This is an old problem in a set of qualifier exams in analysis which I have not been able to solve completely; hence my decision to post it here.
The problem have us prove that if $f$ is a measurable complex function on $\mathbb{R}$ of period $T>0$ such that $\int^T_0|f(x)|\,dx <\infty$, then
- (1) $\lim_{n\rightarrow\infty}\frac{f(nx)}{n^2}=0$ almost everywhere.
- (2) As an application of (1), show that $\lim_{n\rightarrow\infty}|\cos nx|^{1/n}=1$.

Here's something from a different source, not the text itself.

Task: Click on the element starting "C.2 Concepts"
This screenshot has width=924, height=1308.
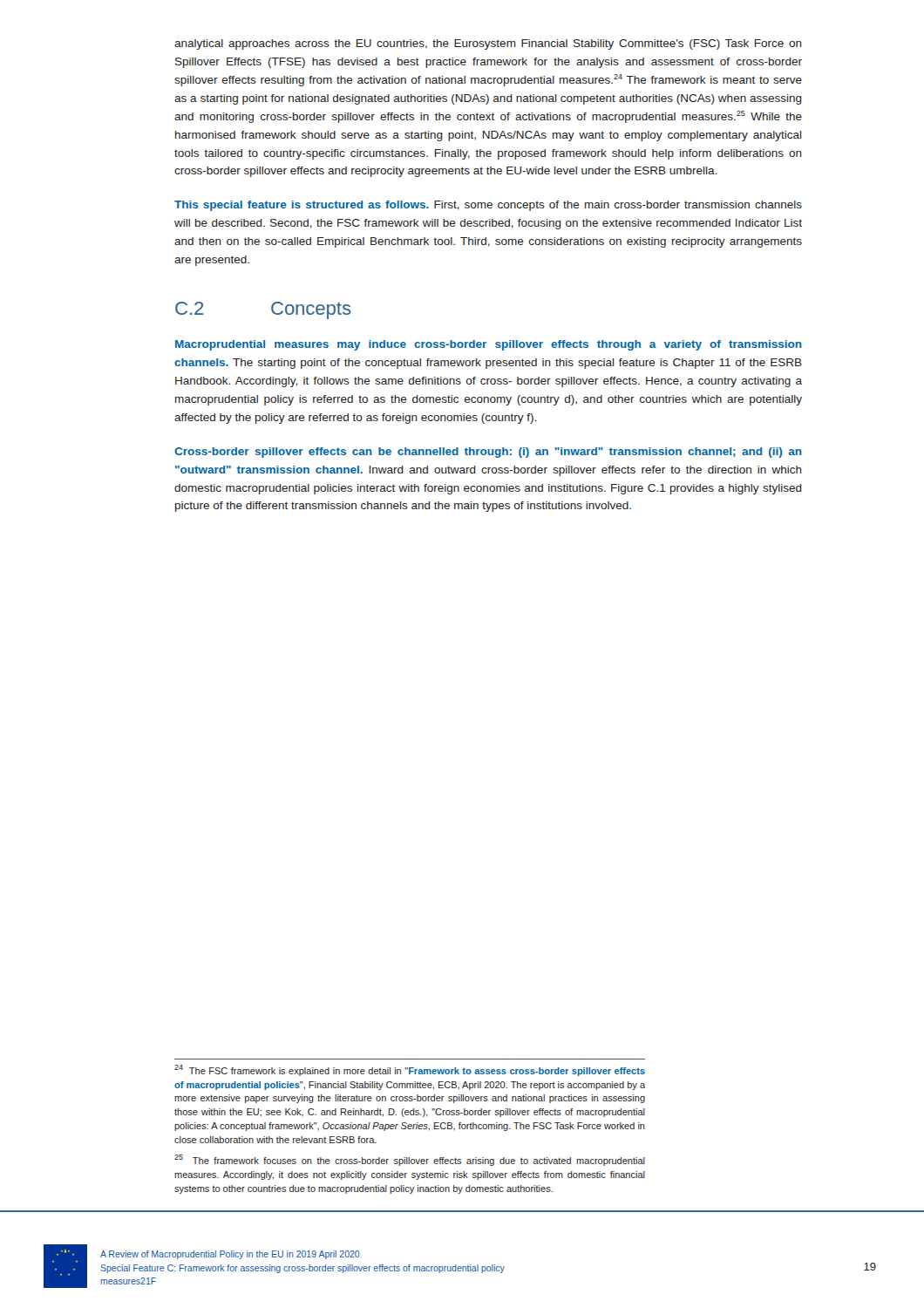Action: 263,309

Part (1) is not very complicated. I consider the series $s(x)=\sum^\infty_{n=1}\frac{|f(nx)|}{n^2}$. Then $$\frac{1}{n^2}\int^T_0|f(nx)|\,dx=\frac{1}{n^3}\int^{nT}_0|f(x)|\,dx=\frac{1}{n^2}\int^T_0|f(x)|\,dx$$ As a consequence, $\int^T_0 s(x)\,dx<\infty$. From this it follows that the series $s(x)$ converges almost everywhere and (1) follows.
Part (2) is where I am struggling, for $f_n(x)=|\cos nx|^{1/n}$ is not quite of the form $n^{-2} g(nx)$ for some periodic function.
I would appreciate any hint to finish part (2) off.
This should do the trick: \begin{align} f(x)=\left\{\begin{array}{lcd}\big(\log(|\cos x|)\big)^2 &\text{for} & x\notin \frac{\pi}{2}\mathbb{Z}\\ 0 &\text{if} & x\in \frac{\pi}{2}\mathbb{Z} \end{array} \right. \end{align} This function has period $\pi$, and is integrable since near $\pi/2$, for $|\cos x|\sim|x-\pi/2|$ as $x\rightarrow\pi/2$. I leave this details to OP.
Notice that $$n^{-2}f(nx)=\big(\log(|\cos nx|^{1/n})\big)^2$$
Comment: According to this posting, $x=\pi - 1$ is a good point, that is a point where the limit $1$ is achieved.